When defining impaired HRR using the lowest tertile, we found that HRRpred correctly classified 70.5% of individuals as having impaired vs normal HRR and incorrectly classified 29.5% of individuals. We next examined HRRpred as a predictor of impaired HRR using multivariable logistic regression (Supplemental Figure 4). A univariable model with HRRpred showed a c-statistic of 0.735. When added to a model with age and sex, HRRpred resulted in improved discrimination as ascertained by the c-statistic (0.657 vs 0.770, P < .0001).

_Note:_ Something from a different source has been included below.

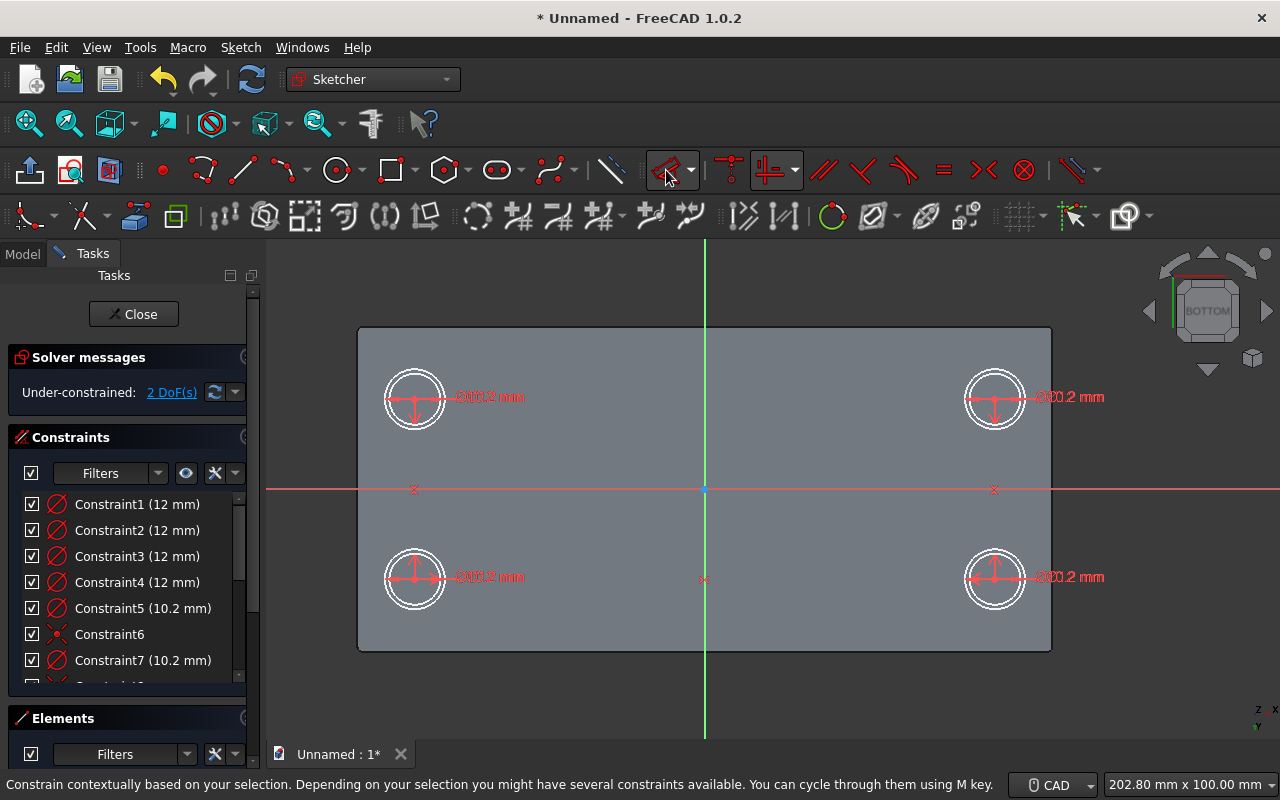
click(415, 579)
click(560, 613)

Association of HRRpred with clinical correlates and cardiovascular outcomes
In cross-sectional multivariable analyses, we found that clinical correlates of lower HRRpred included older age, male sex, higher body mass index, higher systolic blood pressure, diabetes mellitus, and current smoking status (Supplemental Table 2). The strongest predictor of lower HRRpred was higher resting heart rate. Specifically, a 1 standard deviation (SD) higher resting heart rate was associated with a 3.6 bpm (standard error 0.01) lower HRRpred. Taken together, clinical covariates explained 72.4% of the variance of HRRpred.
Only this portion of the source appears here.